After locating the line that contains "Send a message", transcribe exactly that line and each one after it until the data ends, skipping pictures.
Material provided: Begin
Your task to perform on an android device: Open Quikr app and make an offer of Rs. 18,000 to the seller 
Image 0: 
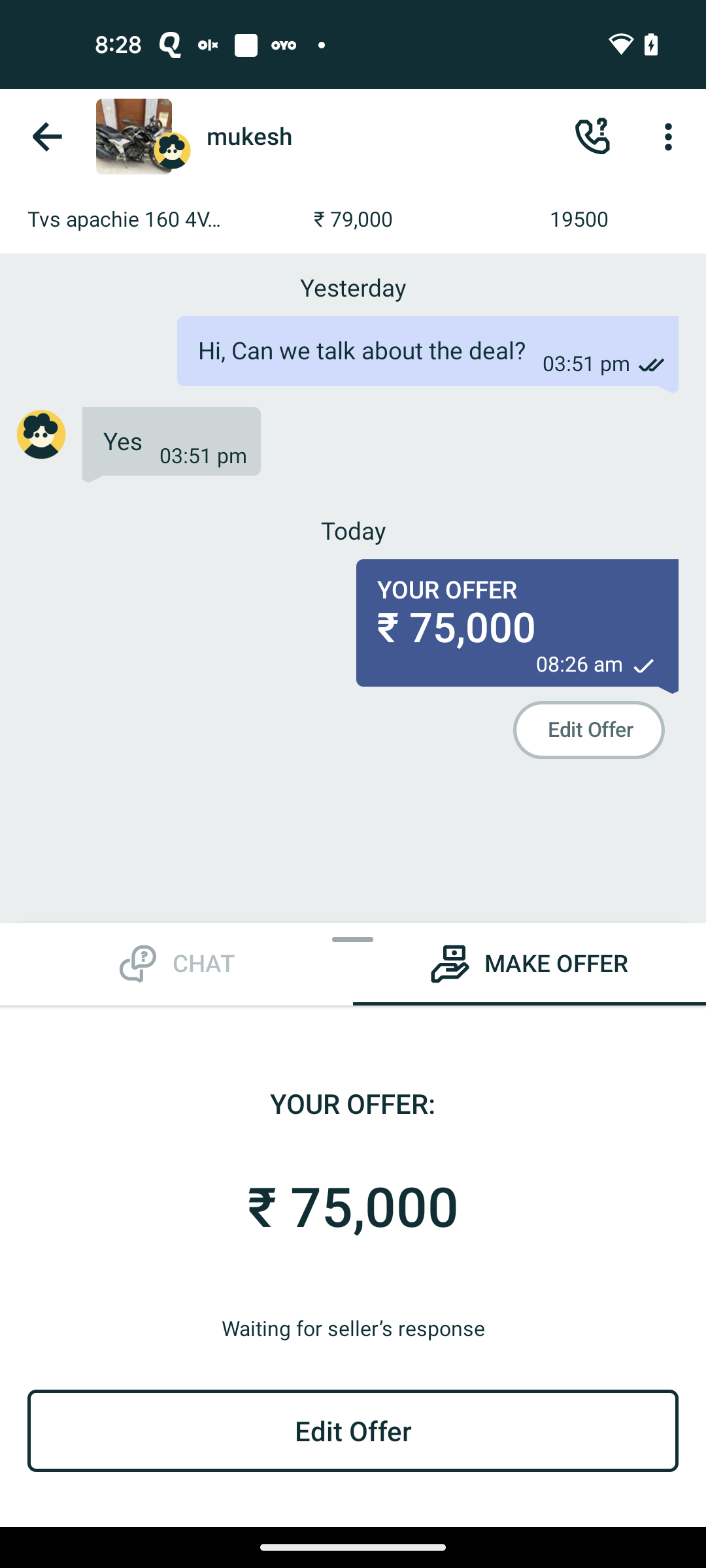
Open Quikr app
Step 0: open app "Quikr"
Image 1: 
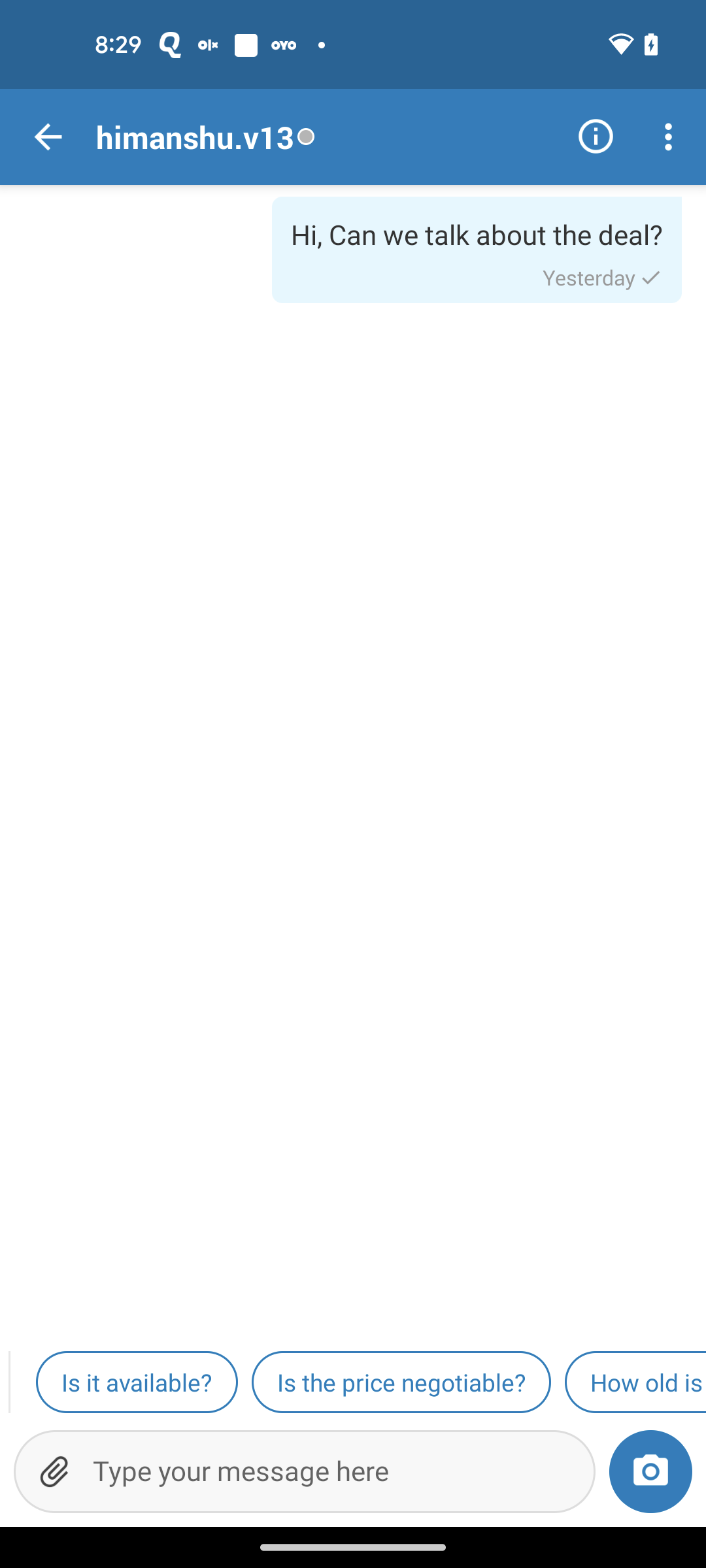
Click on the Text bar
Step 1: click (322, 1471)
Image 2: 
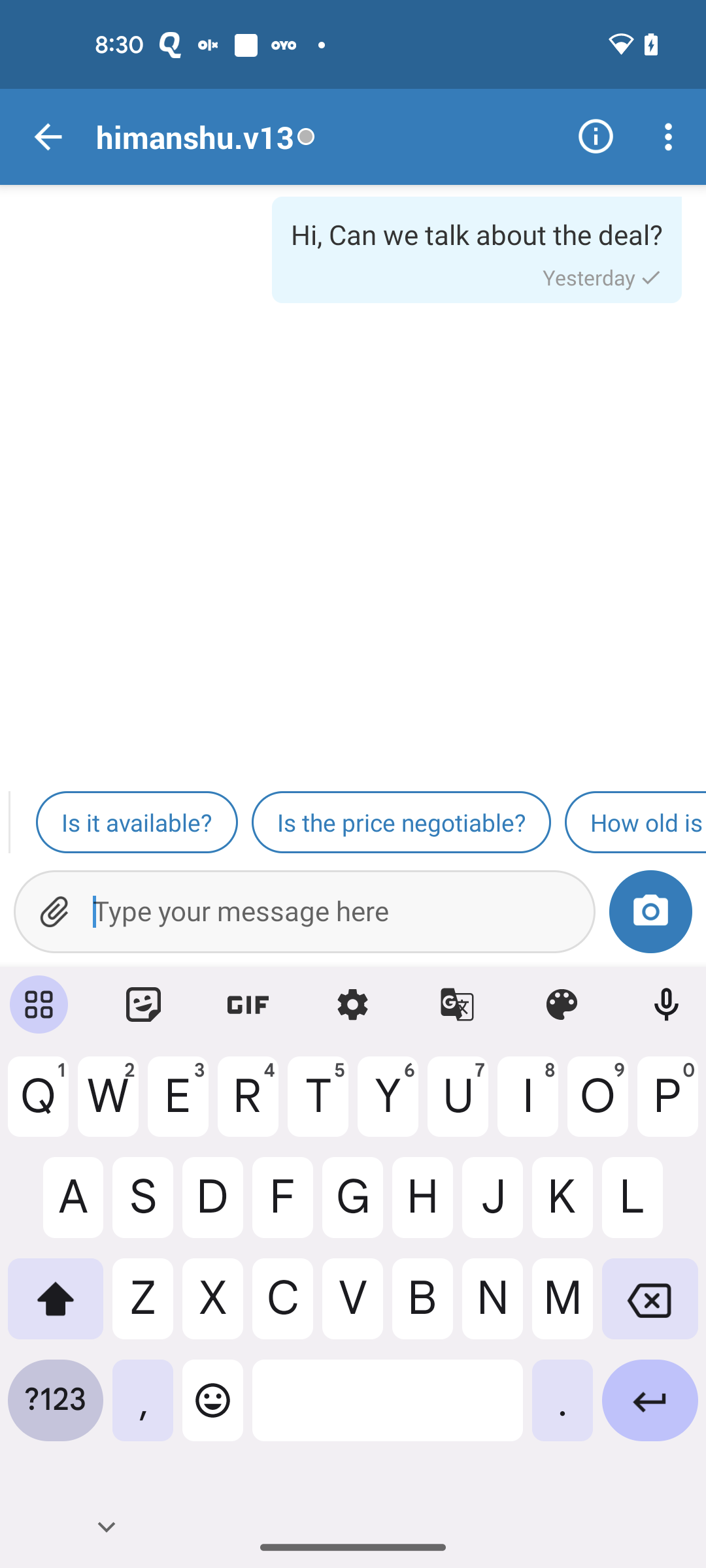
Send a message as Can we make a deal? Around Rs.18,000
Step 2: type "Can we make a deal? Around Rs.18,000"
Image 3: 
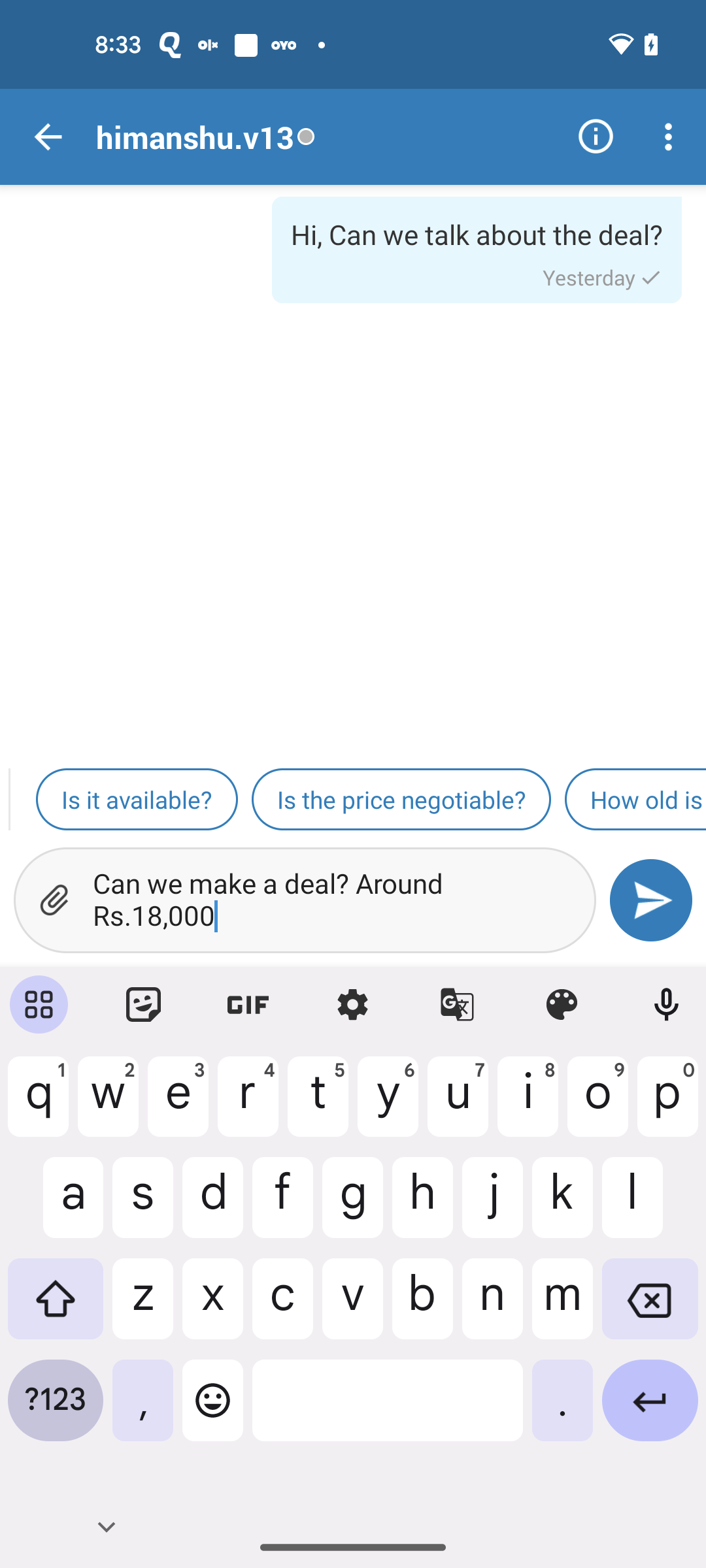
Click on the send icon
Step 3: click (646, 902)
Material provided: End
> Task solution
Send a message as Can we make a deal? Around Rs.18,000
Step 2: type "Can we make a deal? Around Rs.18,000"
Image 3: 
Click on the send icon
Step 3: click (646, 902)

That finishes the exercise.